Why President Kibaki’s departure next year will be like a happy divorce

What you need to know:

  • Kibaki is, therefore, like a man who is leaving a marriage without children, and in which the couple didn’t own any substantial property jointly. Such separations or divorces are usually not messy, because there are no bitter custody fights over the children and who should keep the house.
  • Not so in Tanzania, where the long-ruling Chama Mapinduzi (CCM — or Party of Revolution) fully expects not only to provide the next President when Kikwete leaves, but also to retain control of Parliament.
  • In Uganda, there is furious jostling for position in the Museveni succession. The signs are that Museveni is planning to take a seventh bite at the presidential apple in 2016 (he will be going for a seventh term, two of them unelected).

President Kibaki is stepping down in March next year after serving his two terms.

However, there is something unusual to his departure if you compare it to what is happening in Tanzania and Uganda.

In Tanzania, President Jakaya Kikwete is due to leave office in 2015 when his two terms expire. In Uganda, President Yoweri Museveni can choose to die in office at the age of 100 because term limits were scrapped in 2005.

In Kenya, President Kibaki’s Party of National Unity (PNU), on which he rode to power in 2008, is not making waves. The last we heard of it was that it was negotiating to be taken in by Deputy Prime Minister’s Uhuru Kenyatta’s party, The National Alliance.

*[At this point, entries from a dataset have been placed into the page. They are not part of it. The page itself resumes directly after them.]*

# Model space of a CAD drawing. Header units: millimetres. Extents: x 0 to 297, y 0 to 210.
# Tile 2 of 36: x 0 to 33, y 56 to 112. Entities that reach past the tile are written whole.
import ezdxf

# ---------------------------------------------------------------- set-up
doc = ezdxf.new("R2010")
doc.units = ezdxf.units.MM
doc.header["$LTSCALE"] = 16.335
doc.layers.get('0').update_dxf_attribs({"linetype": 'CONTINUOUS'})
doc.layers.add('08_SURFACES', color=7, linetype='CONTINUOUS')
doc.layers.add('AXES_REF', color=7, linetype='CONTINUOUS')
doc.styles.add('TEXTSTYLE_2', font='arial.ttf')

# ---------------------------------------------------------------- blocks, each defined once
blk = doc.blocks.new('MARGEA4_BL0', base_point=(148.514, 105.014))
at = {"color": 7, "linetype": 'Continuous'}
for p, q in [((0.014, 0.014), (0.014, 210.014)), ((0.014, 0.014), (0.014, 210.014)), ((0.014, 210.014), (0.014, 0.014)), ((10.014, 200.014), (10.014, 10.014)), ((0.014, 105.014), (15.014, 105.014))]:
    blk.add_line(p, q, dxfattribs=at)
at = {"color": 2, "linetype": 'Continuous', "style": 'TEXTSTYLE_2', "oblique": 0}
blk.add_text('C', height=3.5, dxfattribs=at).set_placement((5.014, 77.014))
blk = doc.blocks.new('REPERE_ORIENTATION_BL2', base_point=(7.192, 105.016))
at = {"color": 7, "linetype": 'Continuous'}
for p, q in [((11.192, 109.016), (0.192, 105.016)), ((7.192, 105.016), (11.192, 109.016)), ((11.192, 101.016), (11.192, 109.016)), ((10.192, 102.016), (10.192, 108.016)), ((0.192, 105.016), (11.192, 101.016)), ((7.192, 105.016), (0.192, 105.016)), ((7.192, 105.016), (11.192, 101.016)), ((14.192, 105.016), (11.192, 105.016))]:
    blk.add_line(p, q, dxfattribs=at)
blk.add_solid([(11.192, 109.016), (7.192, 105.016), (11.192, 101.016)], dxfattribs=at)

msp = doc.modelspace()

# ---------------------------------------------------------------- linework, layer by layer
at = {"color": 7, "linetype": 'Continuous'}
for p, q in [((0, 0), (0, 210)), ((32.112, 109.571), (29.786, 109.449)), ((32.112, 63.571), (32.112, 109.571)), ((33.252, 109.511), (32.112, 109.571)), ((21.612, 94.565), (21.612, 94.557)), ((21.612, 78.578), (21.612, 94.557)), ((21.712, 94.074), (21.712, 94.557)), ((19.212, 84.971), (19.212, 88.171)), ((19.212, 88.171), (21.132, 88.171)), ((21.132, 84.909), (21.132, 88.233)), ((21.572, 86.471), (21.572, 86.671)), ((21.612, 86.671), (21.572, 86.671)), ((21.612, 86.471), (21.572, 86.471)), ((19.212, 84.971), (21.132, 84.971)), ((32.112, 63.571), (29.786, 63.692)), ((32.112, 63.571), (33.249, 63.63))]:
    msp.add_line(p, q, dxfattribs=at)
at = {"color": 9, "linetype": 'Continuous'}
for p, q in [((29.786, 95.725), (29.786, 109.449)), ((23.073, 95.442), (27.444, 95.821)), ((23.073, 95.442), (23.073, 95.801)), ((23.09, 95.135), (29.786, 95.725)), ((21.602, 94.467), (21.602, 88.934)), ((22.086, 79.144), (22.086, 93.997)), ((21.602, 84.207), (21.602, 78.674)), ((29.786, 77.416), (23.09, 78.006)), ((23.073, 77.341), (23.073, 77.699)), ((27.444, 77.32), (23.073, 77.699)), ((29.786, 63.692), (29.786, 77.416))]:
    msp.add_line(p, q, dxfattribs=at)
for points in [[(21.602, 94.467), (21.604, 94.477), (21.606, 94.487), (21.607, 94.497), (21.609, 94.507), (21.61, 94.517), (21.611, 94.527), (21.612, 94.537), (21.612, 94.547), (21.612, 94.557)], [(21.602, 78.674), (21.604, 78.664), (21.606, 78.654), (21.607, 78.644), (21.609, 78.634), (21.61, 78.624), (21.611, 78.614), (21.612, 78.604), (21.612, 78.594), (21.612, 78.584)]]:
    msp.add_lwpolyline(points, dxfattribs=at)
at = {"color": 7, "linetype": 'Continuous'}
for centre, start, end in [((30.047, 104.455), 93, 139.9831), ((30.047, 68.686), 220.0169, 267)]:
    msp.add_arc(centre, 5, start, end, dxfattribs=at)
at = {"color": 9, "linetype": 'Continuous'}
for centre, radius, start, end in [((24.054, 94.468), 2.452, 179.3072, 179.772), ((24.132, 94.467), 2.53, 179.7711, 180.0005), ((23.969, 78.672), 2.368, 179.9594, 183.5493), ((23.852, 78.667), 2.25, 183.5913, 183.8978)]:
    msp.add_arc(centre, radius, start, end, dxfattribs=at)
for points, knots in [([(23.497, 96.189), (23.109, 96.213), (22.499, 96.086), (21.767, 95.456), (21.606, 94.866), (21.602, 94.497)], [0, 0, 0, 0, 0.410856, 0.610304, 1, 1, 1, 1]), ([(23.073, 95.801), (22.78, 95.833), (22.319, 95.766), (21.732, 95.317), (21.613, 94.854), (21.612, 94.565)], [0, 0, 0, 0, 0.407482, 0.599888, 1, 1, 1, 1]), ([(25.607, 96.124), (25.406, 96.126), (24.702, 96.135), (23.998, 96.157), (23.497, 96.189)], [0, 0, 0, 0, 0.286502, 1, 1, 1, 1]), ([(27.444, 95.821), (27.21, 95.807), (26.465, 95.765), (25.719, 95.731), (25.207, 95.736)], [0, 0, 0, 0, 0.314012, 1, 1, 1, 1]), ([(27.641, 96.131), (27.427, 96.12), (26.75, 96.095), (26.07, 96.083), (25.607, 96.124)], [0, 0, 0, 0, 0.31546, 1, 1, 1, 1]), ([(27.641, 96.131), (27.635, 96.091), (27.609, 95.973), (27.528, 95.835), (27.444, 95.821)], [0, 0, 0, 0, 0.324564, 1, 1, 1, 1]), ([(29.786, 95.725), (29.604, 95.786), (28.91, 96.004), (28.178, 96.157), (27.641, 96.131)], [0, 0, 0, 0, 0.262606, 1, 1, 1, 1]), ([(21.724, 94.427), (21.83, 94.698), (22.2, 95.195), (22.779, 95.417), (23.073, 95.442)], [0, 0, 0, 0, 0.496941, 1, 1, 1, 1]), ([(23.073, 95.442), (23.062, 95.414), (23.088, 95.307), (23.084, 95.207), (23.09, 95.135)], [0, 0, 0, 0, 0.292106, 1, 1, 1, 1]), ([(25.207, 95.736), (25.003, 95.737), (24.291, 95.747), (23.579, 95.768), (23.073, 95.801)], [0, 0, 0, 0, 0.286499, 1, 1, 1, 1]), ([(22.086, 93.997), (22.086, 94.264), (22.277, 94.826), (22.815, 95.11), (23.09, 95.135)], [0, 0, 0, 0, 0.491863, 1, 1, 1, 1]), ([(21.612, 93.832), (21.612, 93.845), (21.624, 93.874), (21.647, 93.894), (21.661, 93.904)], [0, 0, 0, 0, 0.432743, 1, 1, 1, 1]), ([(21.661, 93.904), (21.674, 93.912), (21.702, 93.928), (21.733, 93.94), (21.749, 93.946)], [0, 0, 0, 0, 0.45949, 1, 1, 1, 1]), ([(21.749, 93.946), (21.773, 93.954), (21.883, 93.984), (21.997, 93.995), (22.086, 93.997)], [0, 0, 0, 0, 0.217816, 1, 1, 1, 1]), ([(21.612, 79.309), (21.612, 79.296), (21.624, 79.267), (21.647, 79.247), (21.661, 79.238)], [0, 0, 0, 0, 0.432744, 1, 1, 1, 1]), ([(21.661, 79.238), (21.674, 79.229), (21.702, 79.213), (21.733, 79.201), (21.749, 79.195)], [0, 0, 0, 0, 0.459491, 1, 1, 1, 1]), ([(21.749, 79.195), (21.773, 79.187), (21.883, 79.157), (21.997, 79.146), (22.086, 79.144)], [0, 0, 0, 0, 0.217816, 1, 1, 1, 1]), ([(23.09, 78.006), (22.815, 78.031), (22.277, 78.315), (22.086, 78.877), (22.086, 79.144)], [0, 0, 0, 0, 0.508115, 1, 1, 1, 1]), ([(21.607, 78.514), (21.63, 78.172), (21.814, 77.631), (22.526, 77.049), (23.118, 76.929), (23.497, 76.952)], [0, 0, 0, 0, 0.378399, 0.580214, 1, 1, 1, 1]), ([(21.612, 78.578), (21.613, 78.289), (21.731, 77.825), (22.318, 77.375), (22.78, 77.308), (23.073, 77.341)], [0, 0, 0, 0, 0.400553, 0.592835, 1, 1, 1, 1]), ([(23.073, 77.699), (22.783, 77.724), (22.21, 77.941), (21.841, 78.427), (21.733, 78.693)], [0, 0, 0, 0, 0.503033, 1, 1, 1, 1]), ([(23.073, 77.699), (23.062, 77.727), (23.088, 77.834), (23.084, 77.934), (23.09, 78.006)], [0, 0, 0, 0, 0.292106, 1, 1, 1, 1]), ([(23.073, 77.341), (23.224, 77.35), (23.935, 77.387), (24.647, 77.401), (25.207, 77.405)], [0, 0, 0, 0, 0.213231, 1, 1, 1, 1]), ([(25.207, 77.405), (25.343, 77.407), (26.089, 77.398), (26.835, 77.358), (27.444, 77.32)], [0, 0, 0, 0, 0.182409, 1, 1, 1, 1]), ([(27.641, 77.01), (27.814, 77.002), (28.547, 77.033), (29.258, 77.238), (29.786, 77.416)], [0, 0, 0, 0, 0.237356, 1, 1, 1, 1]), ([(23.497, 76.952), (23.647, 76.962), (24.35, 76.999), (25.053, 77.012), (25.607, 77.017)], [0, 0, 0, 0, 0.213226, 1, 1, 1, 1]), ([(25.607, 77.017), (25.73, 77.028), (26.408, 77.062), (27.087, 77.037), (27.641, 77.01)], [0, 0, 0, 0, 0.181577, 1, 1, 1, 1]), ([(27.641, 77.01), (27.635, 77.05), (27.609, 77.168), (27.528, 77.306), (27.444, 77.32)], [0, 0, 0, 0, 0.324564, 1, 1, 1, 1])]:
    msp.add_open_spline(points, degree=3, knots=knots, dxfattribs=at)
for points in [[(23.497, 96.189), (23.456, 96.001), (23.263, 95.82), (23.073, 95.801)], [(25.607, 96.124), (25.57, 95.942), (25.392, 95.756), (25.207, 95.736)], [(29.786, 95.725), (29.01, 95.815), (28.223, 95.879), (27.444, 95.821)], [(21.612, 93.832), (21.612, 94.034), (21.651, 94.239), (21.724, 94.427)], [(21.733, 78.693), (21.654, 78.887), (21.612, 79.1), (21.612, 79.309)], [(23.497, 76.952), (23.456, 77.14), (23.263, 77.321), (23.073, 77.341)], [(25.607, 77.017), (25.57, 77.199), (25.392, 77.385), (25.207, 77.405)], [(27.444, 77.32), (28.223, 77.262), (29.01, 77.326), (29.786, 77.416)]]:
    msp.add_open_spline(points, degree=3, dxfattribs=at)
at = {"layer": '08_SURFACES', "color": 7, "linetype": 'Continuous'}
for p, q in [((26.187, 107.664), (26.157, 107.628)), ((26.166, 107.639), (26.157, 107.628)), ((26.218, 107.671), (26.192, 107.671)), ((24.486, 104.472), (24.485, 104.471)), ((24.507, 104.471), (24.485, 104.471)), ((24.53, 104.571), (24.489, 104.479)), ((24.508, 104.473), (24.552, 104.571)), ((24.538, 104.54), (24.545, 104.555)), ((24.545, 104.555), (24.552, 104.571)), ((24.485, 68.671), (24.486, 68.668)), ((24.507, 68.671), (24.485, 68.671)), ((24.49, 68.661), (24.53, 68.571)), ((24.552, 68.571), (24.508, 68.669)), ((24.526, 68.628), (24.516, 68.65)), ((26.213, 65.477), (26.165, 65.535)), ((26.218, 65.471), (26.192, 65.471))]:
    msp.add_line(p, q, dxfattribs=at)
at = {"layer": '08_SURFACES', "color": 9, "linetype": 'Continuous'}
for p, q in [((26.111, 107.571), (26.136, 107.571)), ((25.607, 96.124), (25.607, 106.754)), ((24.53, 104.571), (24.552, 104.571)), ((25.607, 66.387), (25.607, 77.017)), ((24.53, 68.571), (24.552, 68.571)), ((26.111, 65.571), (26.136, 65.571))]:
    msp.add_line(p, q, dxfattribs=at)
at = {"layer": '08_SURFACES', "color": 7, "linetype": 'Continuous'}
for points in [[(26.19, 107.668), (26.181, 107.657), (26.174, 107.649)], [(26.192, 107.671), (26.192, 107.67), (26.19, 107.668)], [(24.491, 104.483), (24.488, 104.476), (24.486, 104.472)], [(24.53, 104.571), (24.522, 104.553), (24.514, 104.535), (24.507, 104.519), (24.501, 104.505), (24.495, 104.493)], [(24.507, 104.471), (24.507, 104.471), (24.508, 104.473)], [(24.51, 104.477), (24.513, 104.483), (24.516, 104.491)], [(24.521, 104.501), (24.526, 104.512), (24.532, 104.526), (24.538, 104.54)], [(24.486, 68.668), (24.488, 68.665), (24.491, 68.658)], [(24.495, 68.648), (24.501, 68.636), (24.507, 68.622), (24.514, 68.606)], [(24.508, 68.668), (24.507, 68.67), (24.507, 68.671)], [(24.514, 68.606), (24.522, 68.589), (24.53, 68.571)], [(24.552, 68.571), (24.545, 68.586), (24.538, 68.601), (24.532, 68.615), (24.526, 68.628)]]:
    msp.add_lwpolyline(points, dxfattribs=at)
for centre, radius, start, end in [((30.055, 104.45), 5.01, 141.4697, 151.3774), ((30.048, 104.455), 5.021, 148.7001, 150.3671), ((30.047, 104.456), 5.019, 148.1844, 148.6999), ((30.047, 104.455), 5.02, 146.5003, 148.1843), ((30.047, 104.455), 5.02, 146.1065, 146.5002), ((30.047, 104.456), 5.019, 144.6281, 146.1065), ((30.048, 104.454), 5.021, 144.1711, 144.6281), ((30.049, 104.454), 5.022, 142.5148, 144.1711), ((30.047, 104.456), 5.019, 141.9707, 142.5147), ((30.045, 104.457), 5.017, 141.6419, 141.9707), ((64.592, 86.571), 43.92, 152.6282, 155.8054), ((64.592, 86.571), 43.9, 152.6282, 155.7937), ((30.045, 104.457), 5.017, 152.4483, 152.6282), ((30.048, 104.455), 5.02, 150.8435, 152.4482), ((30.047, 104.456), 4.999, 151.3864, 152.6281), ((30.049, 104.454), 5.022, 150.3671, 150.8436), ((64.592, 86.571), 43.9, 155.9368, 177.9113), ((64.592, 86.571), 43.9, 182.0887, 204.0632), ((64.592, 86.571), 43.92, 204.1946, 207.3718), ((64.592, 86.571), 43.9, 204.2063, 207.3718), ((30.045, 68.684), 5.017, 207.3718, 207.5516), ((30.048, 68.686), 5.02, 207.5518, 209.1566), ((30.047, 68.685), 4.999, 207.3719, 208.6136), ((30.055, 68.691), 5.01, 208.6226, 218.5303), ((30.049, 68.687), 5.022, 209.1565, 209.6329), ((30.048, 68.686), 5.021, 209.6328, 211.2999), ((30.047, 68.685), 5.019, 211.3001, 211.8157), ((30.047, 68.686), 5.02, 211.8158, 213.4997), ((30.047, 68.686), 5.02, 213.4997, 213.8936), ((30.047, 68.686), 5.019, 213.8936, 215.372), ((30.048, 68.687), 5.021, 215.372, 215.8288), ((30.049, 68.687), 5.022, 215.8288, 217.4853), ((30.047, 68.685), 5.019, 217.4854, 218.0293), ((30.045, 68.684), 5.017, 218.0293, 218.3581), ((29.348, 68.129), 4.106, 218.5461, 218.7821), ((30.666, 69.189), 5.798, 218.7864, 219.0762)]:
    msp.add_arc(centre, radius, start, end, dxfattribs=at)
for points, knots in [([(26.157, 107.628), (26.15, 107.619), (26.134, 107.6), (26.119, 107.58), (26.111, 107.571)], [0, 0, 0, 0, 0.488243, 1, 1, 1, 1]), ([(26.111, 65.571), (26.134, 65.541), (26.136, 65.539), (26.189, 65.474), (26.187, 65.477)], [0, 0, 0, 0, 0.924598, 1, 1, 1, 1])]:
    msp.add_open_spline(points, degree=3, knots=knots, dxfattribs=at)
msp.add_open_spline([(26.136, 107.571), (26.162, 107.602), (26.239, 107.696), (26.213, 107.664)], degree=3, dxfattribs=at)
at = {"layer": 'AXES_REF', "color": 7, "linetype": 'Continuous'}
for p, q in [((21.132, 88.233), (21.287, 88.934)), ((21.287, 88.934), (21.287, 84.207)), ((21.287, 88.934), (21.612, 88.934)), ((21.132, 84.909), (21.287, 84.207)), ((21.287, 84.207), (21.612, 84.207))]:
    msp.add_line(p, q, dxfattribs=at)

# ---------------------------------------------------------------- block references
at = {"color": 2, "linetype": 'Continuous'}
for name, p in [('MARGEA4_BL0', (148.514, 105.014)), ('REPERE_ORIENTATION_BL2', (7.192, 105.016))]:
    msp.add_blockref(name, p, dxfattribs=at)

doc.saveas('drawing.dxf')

Kibaki is, therefore, like a man who is leaving a marriage without children, and in which the couple didn’t own any substantial property jointly. Such separations or divorces are usually not messy, because there are no bitter custody fights over the children and who should keep the house.

He can, therefore, afford not to get involved in a succession fight. In fact, the optimal option is for him to keep his nose clean and not publicly indicate his preferred successor.

Putting together a campaign contribution for his favourite candidate and sending a trusted aide to deliver the envelope quietly at night would suffice for Kibaki.

Not so in Tanzania, where the long-ruling Chama Mapinduzi (CCM — or Party of Revolution) fully expects not only to provide the next President when Kikwete leaves, but also to retain control of Parliament.

It would be a disgrace for Kikwete if the resurgent Tanzanian opposition beat his party at the next election. To complicate matters for him, former Prime Minister Edward Lowassa, a man he sacked in a cloud of controversy over corruption, is playing strongly in the succession.

Depending on whether the two men are friends, Kikwete might have to get deeply involved in the party fight to pick a presidential candidate, just in case a Lowassa protégé, who could delay his pension cheques, wins.

In Uganda, there is furious jostling for position in the Museveni succession. The signs are that Museveni is planning to take a seventh bite at the presidential apple in 2016 (he will be going for a seventh term, two of them unelected).

But then again, he might surprise and step down. Either way, there is a scramble to get at the head of the queue, as they say in Uganda. If Museveni is leaving in 2016, then he will do so late, and none of the pretenders to his throne want to be caught unprepared.

If he is going to stand and win (he always wins, because in Uganda, the President’s men and women count the votes), and possibly leave in 2021, then his successors need to be in the limelight over the next few years to consolidate their place in the queue.

The result is that things are very noisy in the ruling National Resistance Movement in Kampala, and the long knives are out.

For those who study political transitions, therefore, East Africa is a gold mine. You can start on a bus ride in Kampala in the evening and within 24 hours pass through Nairobi, end up in Dar es Salaam, and experience three different political set-ups (and we aren’t counting Rwanda in yet).

In the Kenyan variety, the President serves two fixed terms, but his party usually dies with his departure. In Tanzania, the President also serves two fixed terms, but the ruling party believes it has a birth right to both provide the next President and continue enjoying a parliamentary majority.

In Uganda, a previous Museveni election slogan sums it well — No Change. There are no fixed terms and the Big Man can decide to be president-for-life if he chooses, and the ruling party expects to remain in power. It is happy to lose a parliamentary majority at the elections because it is confident of buying the majority afterwards.

Kenyans now also have this “nonsense” of the party chairman being different from the party’s presidential candidate. No such thing in Uganda or Tanzania. Museveni is chairman of NRM. And Kikwete is chairman of CCM.

All this is the beauty of East Africa. We are so similar, yet so different.